Now how does this make it a trade? First I noticed the #DAX had obvious resistance at the previous flag break down at 11660, so when price hit there I entered a #DAX short and got filled at 11650, I also had a tight stop but moved it to flat at the earliest opportunity. Second, the nature of the rumor was plain bogus and little substance to it, hence I deemed the ramp to be an algo chase only.
And fortunately the price action following confirmed the trade premise:
Now note: You can’t plan a trade like this far in advance. It’s a judgement call one has to make in this choppy environment. And clearly these type of trades may not work, but this is why we use stops and then scale out which we did on Friday. But this is the nature of the beast right now. Sudden ramps or dumps.
In fact in overnight action I closed longs and flipped long. The price action is erratic and as traders we are forced to make judgement calls.
But I illustrate this trade as an example of the type of considerations I use to identify trades.
This month then has some potential from the short side, but also high risk for new highs based on the Greek resolution. What are the odds they reach a Greek deal during OPEX week? I’m just throwing it out there 😉
As no new lows were reached in overnight (so far) I’m dabbling in the long side assuming the ramp machine will go back in full gear for beginning month inflows and buybacks. There’s a gap at 2122 and we may levitate back up to that level although I’m keeping a close eye on these trend lines here:
Mondays have lent themselves to sell strength into Tuesday and I’m looking to do this as I see a sell window (assuming no magic Greek deal) into Thursday next week for a low the week before OPEX:
I’m not placing much weight on seasonality stats these days, but I’m recognizing that we tend to have strength in the first day or two of the month.
Note too that a June spike higher by OPEX also plays well with the larger annual seasonality:
In short: Hopefully we are getting a long swing on the #DAX in the next few days and a buyable 3-5% dip (sigh) on the $ES. Remember the big buy zone is 1940-1970 on the $SPX, but unless something breaks we may not get that until September/October. But, hey, I like surprises.
One comment on “watch what they are doing”: May was the largest month for M&A in history. We are also seeing massive increases in margin debt, and of course buyback announcements. What does this mean to me? The corporates know the party is coming to an end and they are using their capital, eh stock prices, to gobble up highly valued companies with shares in order to augment their growth stories for when things cool down. We all know there is no sales growth and economic data remains weak. When rates go higher then the buyback game ends. They all know it. So buy companies, incorporate their growth projections, lay off people to create efficiencies…etc..

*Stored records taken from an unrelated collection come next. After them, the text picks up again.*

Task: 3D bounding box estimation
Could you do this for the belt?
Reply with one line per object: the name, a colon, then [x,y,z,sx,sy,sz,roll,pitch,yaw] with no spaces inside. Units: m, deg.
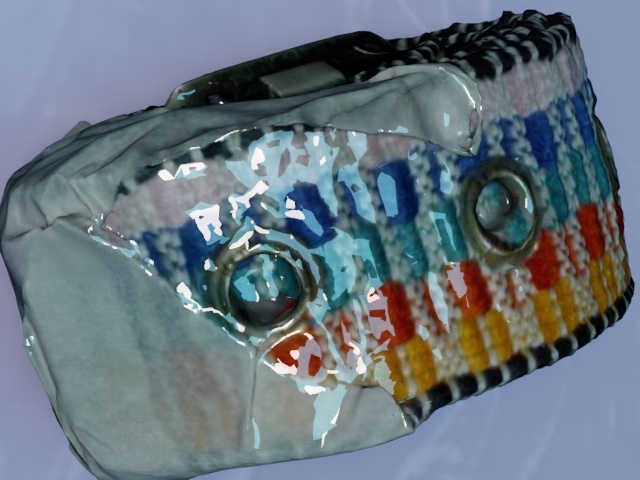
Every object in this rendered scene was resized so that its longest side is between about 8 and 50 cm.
belt: [0.000,0.000,0.655,0.258,0.207,0.150,-21,100,-30]
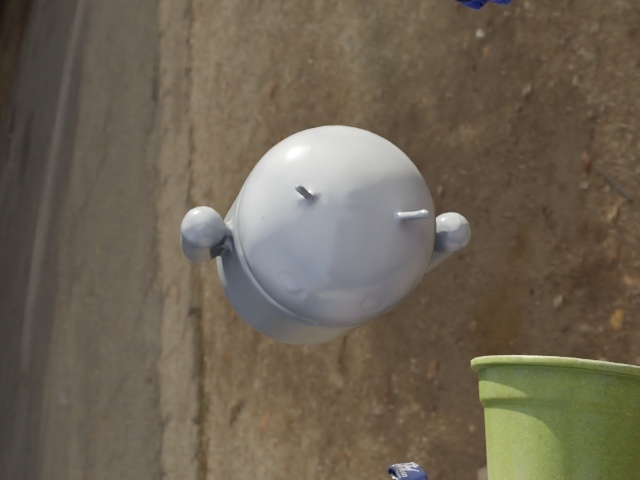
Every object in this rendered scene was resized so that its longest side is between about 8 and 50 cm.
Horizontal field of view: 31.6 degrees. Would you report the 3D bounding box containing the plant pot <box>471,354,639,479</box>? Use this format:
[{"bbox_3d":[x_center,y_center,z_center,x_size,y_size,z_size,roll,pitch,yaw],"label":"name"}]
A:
[{"bbox_3d":[0.318,0.292,1.440,0.276,0.276,0.253,155,124,-68],"label":"plant pot"}]

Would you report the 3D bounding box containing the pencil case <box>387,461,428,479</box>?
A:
[{"bbox_3d":[0.108,0.305,0.763,0.306,0.133,0.119,55,152,22],"label":"pencil case"}]

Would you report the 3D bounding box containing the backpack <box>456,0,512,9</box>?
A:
[{"bbox_3d":[0.157,-0.285,1.122,0.101,0.120,0.098,-48,65,15],"label":"backpack"}]

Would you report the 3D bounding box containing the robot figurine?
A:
[{"bbox_3d":[0.000,0.000,1.185,0.353,0.300,0.199,137,130,-72],"label":"robot figurine"}]
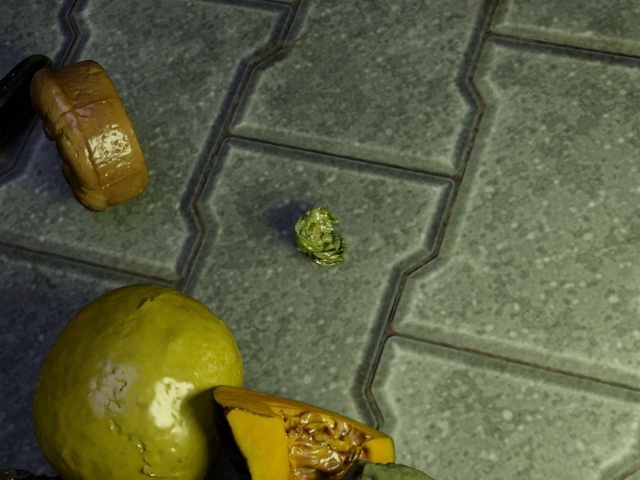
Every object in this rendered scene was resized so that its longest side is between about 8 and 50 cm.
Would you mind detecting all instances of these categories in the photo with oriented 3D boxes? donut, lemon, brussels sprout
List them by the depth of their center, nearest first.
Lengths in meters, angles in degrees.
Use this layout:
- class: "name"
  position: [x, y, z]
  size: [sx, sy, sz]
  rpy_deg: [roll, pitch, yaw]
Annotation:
- class: "lemon"
  position: [-0.223, 0.188, 1.660]
  size: [0.284, 0.260, 0.260]
  rpy_deg: [-38, 60, -26]
- class: "brussels sprout"
  position: [0.000, 0.000, 1.833]
  size: [0.085, 0.058, 0.085]
  rpy_deg: [14, 42, -13]
- class: "donut"
  position: [-0.326, -0.147, 1.888]
  size: [0.113, 0.227, 0.227]
  rpy_deg: [-23, 59, -11]

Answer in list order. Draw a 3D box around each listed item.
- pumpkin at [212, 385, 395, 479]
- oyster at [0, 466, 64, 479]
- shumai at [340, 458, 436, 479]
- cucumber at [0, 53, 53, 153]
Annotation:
- class: "pumpkin"
  position: [-0.054, 0.274, 1.614]
  size: [0.111, 0.278, 0.163]
  rpy_deg: [27, 98, 53]
- class: "oyster"
  position: [-0.393, 0.388, 1.687]
  size: [0.223, 0.083, 0.214]
  rpy_deg: [-41, 59, -4]
- class: "shumai"
  position: [0.088, 0.396, 1.547]
  size: [0.256, 0.189, 0.218]
  rpy_deg: [43, 98, 21]
- class: "cucumber"
  position: [-0.488, -0.190, 2.031]
  size: [0.074, 0.074, 0.241]
  rpy_deg: [23, 67, 23]
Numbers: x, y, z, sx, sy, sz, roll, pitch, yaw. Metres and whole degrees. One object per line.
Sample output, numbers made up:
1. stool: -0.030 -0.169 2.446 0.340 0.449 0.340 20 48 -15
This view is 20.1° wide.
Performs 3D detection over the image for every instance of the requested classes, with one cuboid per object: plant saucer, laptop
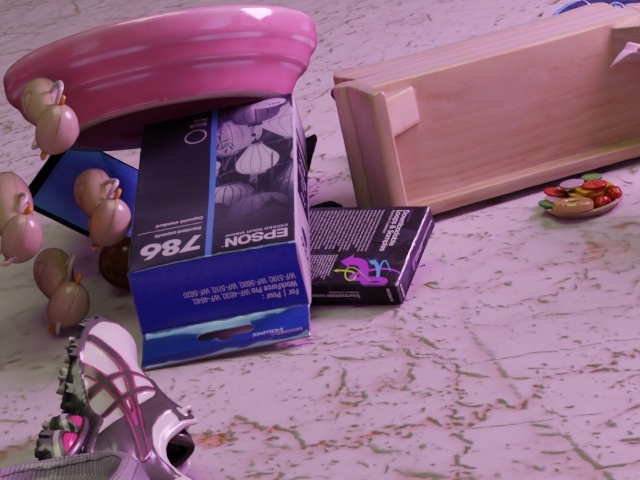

Big M&A activities marked the tops in 2000 and 2007 and so did large margin debt and buybacks. Welcome to a 2015 repeat?
Bottomline: I’ll now aim to run longs a bit higher today and aim to flip back short into key resistance either today or tomorrow. That’s as far as I aim to see right now, but I hope we finally can see a swing trade set up for 2015.
Update: As I’m writing this another Greek rumor hit the tape and the $ES flew up 10 handles. Well there ya go, get used to it it’s the flavor of the week.